## Your goal
Output all of the records word for word and drop the images.

[Records supplied — start]

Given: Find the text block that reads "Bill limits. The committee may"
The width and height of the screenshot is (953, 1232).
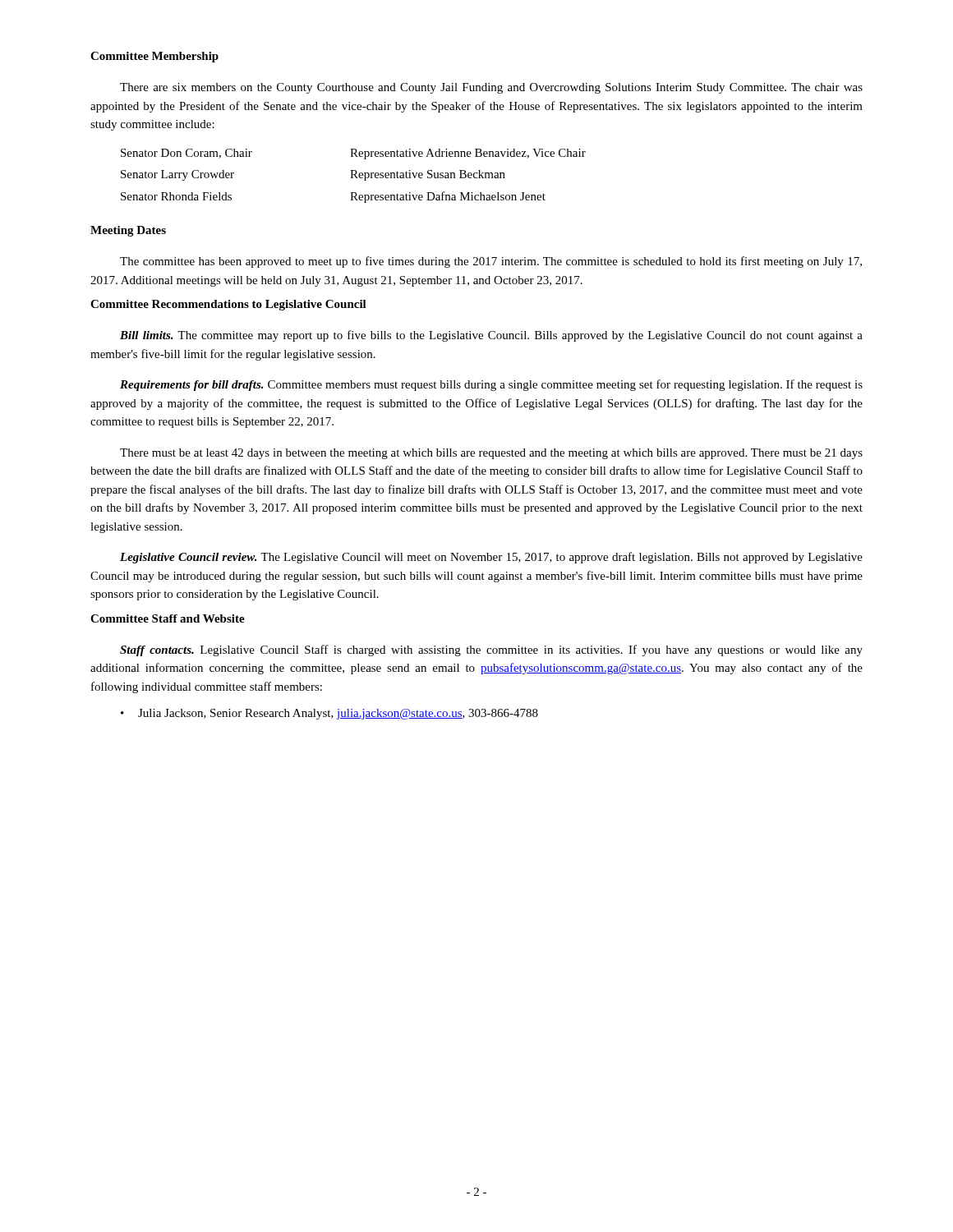Looking at the screenshot, I should 476,345.
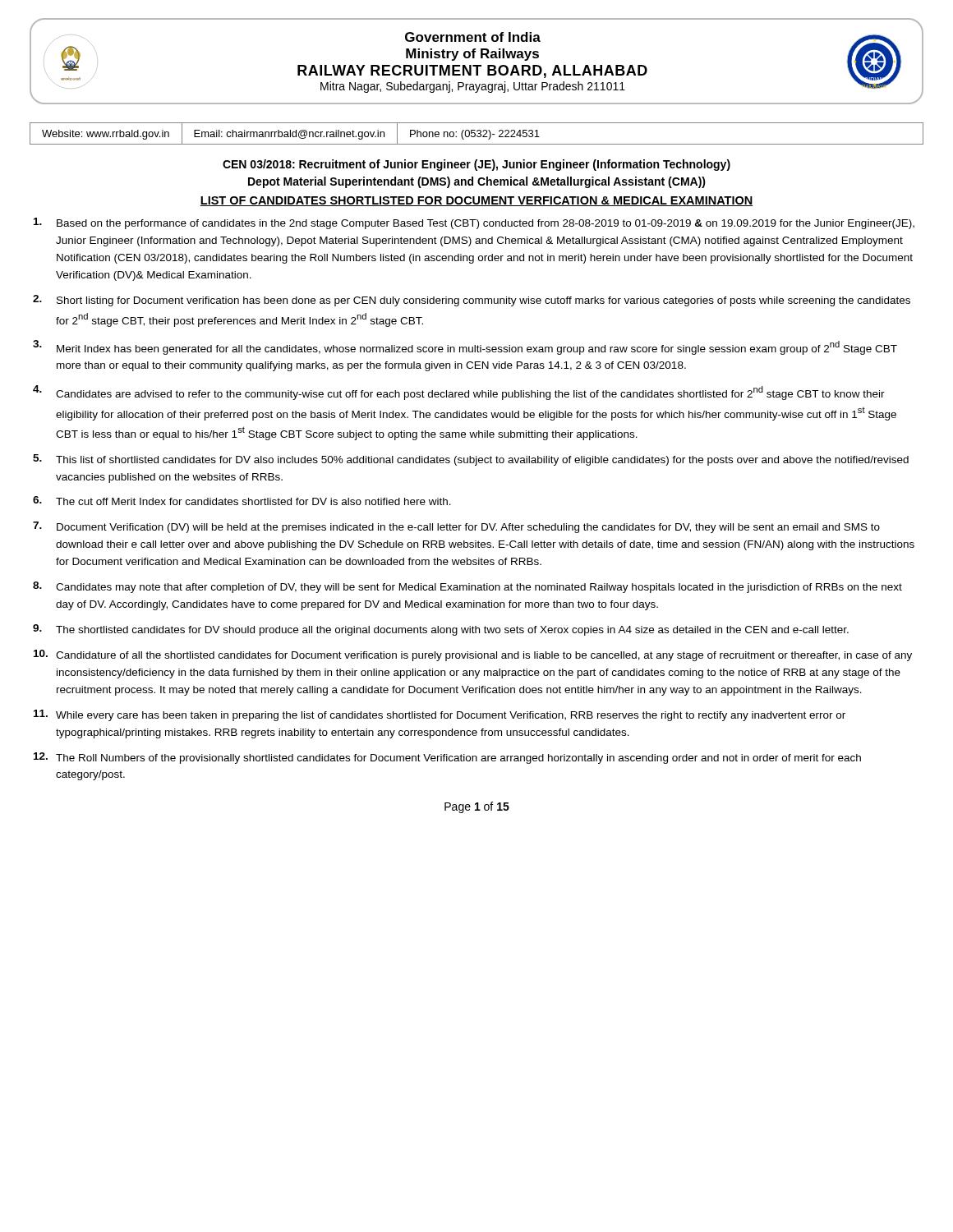
Task: Click on the block starting "10. Candidature of"
Action: [x=476, y=673]
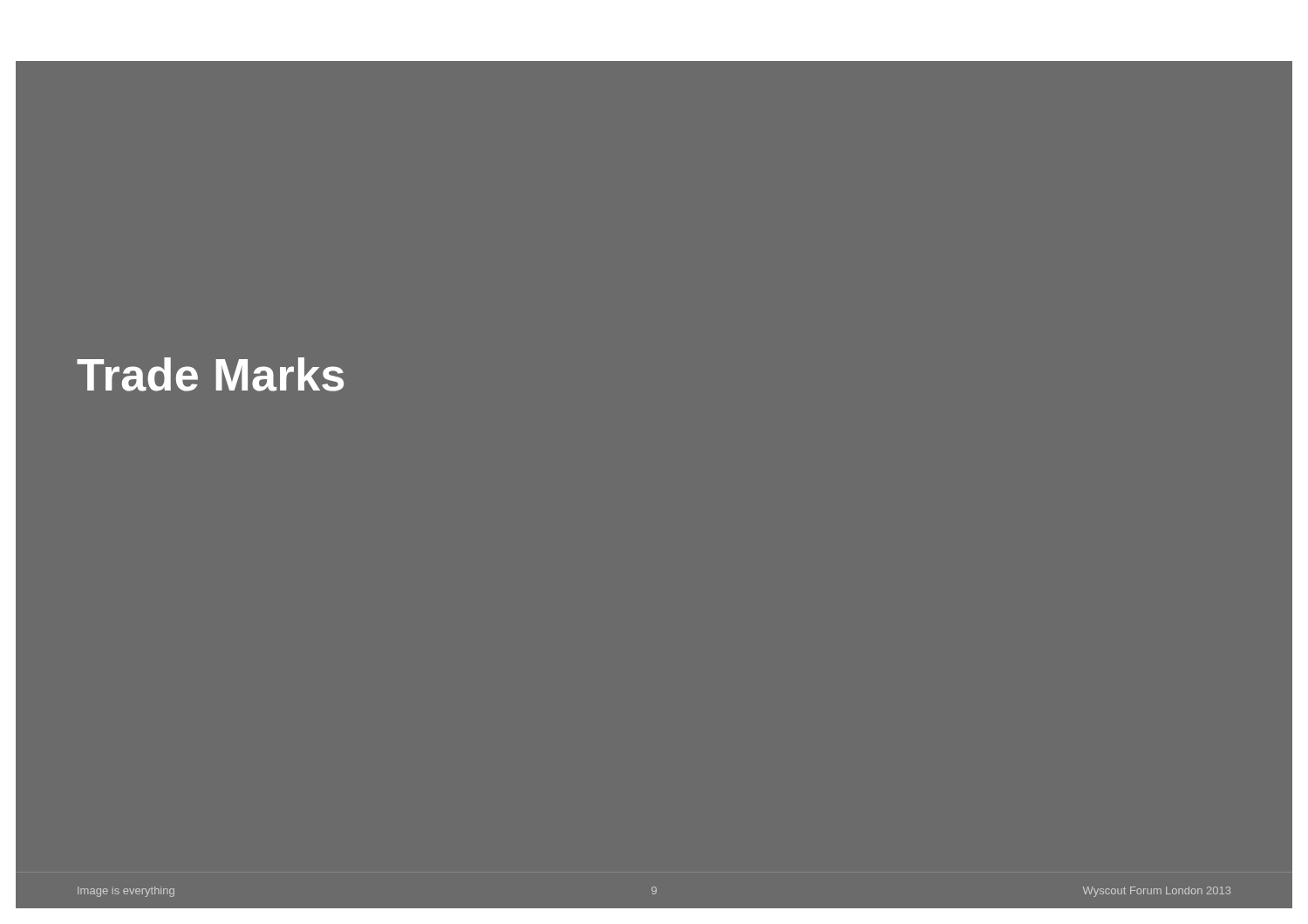Click where it says "Trade Marks"

212,375
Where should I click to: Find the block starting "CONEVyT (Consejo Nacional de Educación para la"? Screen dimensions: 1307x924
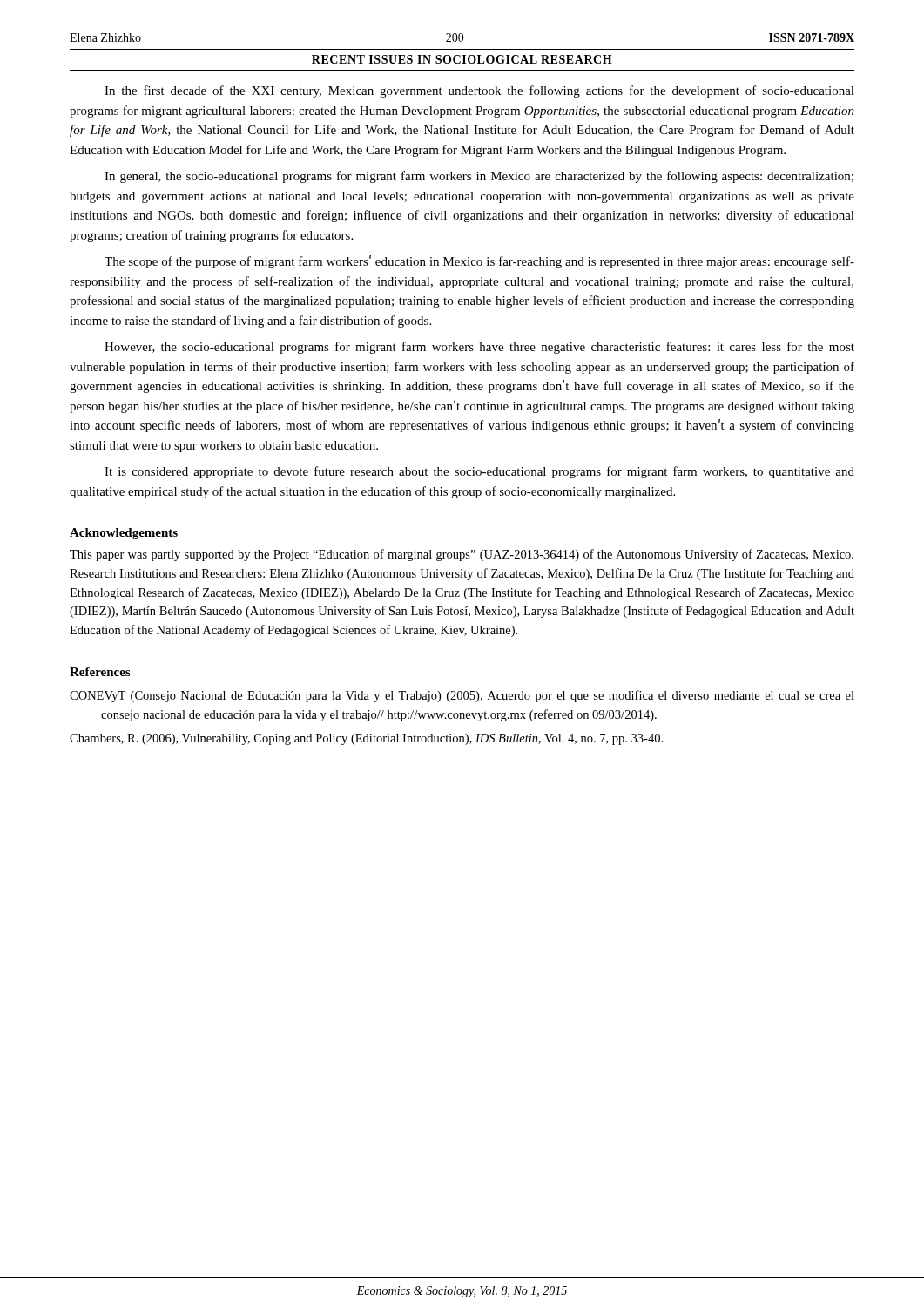pos(462,705)
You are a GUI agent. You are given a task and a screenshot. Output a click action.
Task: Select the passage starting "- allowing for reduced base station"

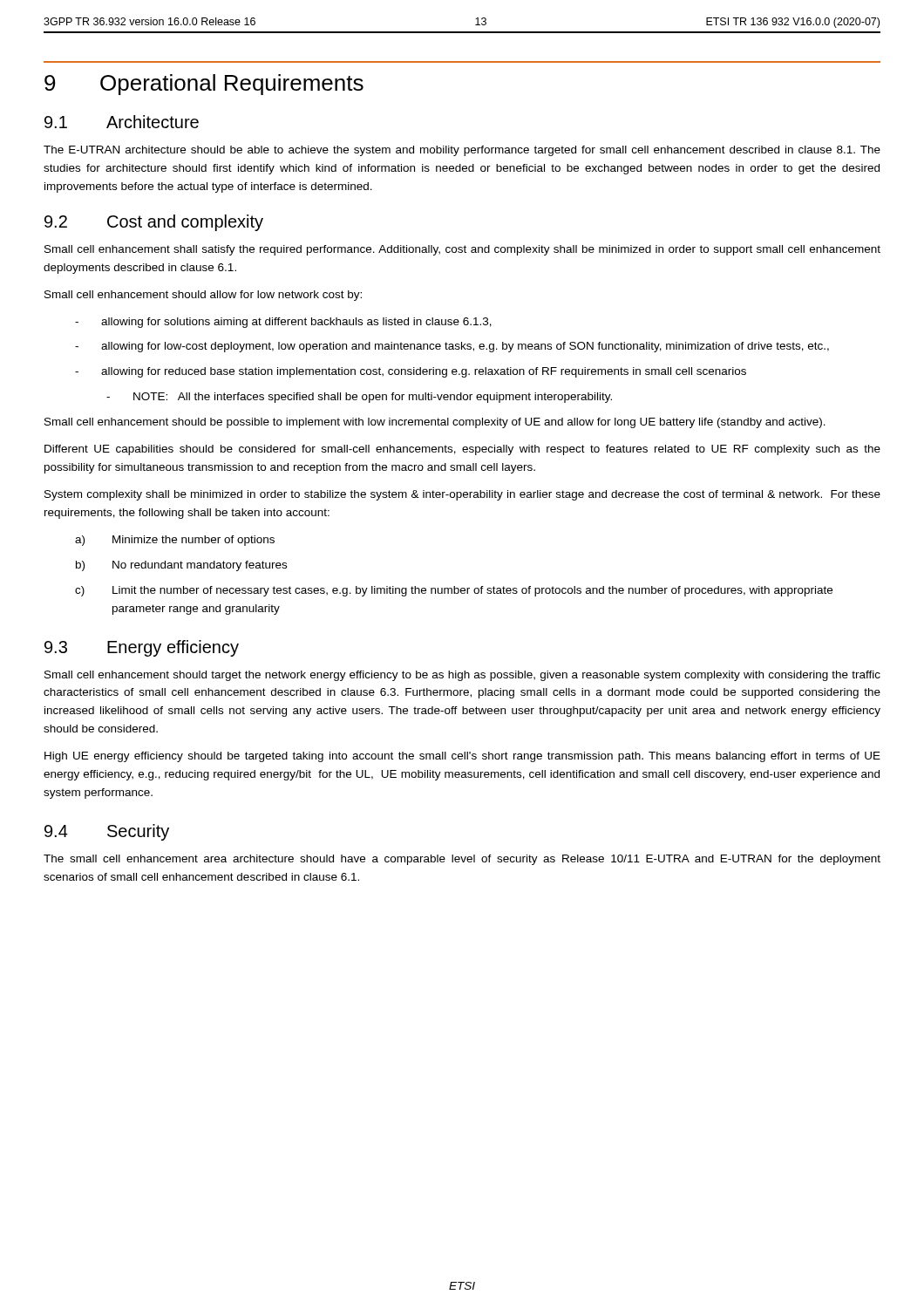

[Records supplied — finish]

## Answer space
Given: Find the text block that reads "Bill limits. The committee may"
The width and height of the screenshot is (953, 1232).
Looking at the screenshot, I should 476,345.
Task: Click on the block starting "10. Candidature of"
Action: [x=476, y=673]
Click where it says "Trade Marks"

212,375
Where should I click to: Find the block starting "CONEVyT (Consejo Nacional de Educación para la"? Screen dimensions: 1307x924
pos(462,705)
You are a GUI agent. You are given a task and a screenshot. Output a click action.
Task: Select the passage starting "- allowing for reduced base station"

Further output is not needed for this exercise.